Musa Babayo (born 21 March 1957) is a Nigerian banker, businessman, politician, and elder states-man who was the National Secretary of the PDP National Working Committee from 2012 to 2015 prior to joining the All Progressives Congress (APC) on 15 October 2015. He was the Deputy National Secretary of the party from 2008 to 2011 before later becoming the National Secretary.

== Early life and education ==
Musa was born and raised in Azare, Katagum local government, Bauchi state. He attended the Nasarawa West Primary School, Azare, 1965–1972 then to Katagum Government Secondary school, Azare from 1972 to 1976. He further attended Ahmadu Bello University, Zaria where he earned Bachelor of Science in administration, banking and finance. He went to Manchester Business School, UK for Senior Bankers course, June 1993, and University of Wales Institute of Science and Technology (UWIST), UK for master's degree in management and technology, 1984.

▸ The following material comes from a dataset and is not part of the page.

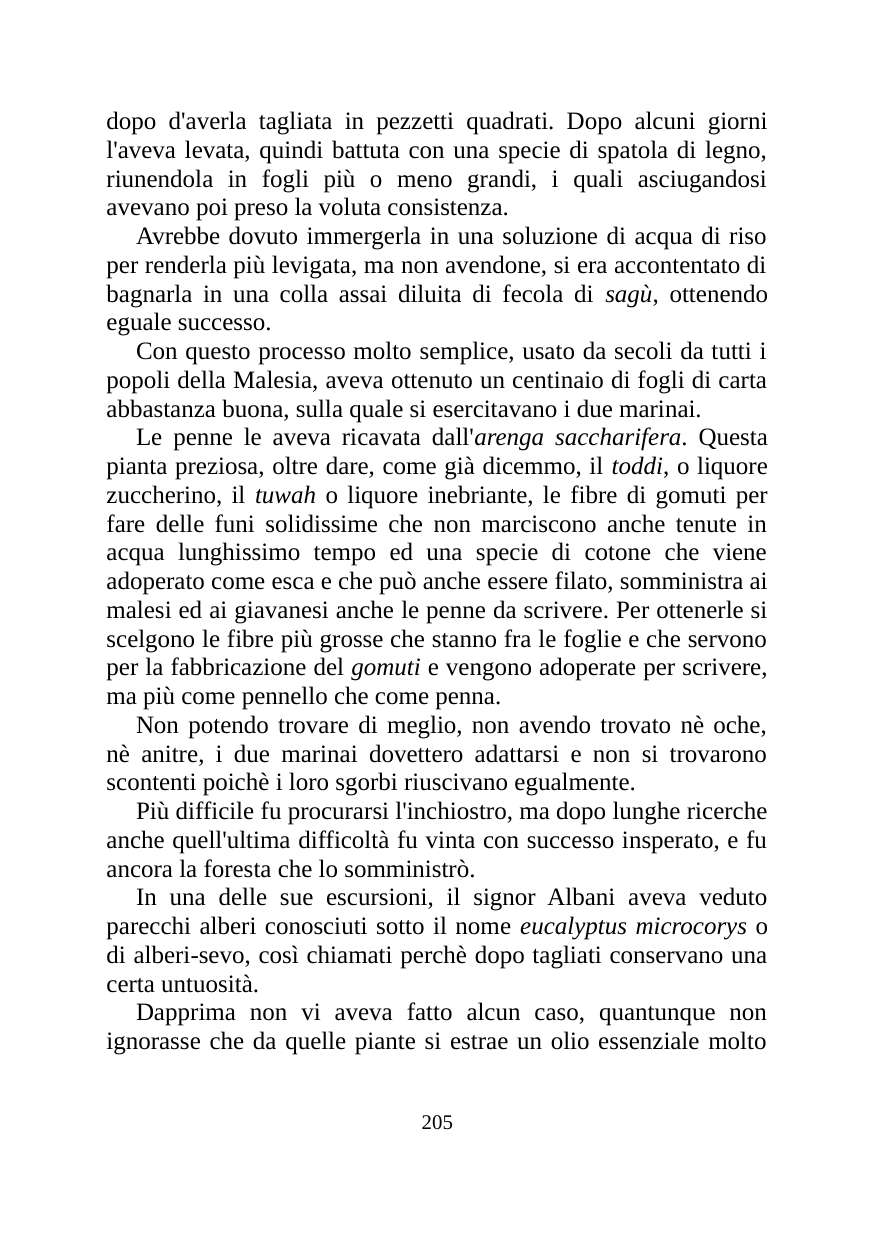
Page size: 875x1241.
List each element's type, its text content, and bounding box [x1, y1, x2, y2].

In 2001, he got a PhD at the University of Abuja, FCT, Nigeria.

== Professional career ==
In between his political career, Babayo has held different public and private offices. As a senior civil servant, he was the Chairman of the Education Trust Fund and the chairman Board of Trustees TETFund, an appointment that was structured to last for a term of four years although the board was dissolved 2 years before the termination of his tenure on 16 July 2015.

=== TETFund ===
As the chairman of the Tertiary Education Trust Fund (TETFund), Babayo managed the transition that led to the repeal of the 1998 Tax Act and its replacement with the TetFund Establishment Act of July 2011.
In 2013, the institution admitted National Open University of Nigeria (NOUN), as a beneficiary of the fund, and relocation of the university from Lagos to its permanent site in Abuja through the provision of the critical educational infrastructure.

In 2015, he introduced the capacity building programme known as Academic Staff Training and Development (ASTD) where over 26,000 academics were covered on the programme pursuing MSc's and PhD's. As at then, the ASTD was known as the biggest capacity building programme funded by a public treasury in the world.

During his chairmanship, Babayo introduced conference attendance for Tertiary Institutions academics and over 30,000 academics were recorded to have benefitted from the programme.

He started the introduction of the Almajiri model schools (Boarding and Day) during the former president of Nigeria, Goodluck Ebele Jonathan's regime in 19 Northern states and Edo. 100 of such schools were built and functioning with full pupils’ enrolments. An allocation of N2B was made for the project on take-off in 2010.

Other projects of the TETFund were carried out before the end of his tenure.

=== Allied Bank of Nigeria Plc (1982– 1996) ===
As a banker, he was the regional manager of the Allied Bank in 1982 to 1996. He was responsible for the business development of the branches in the unit, with special focus on profit improvement and cost reduction; setting targets for the branches with a view to enhance effectiveness, for better services delivery to the customers were equally part of the overall mandate.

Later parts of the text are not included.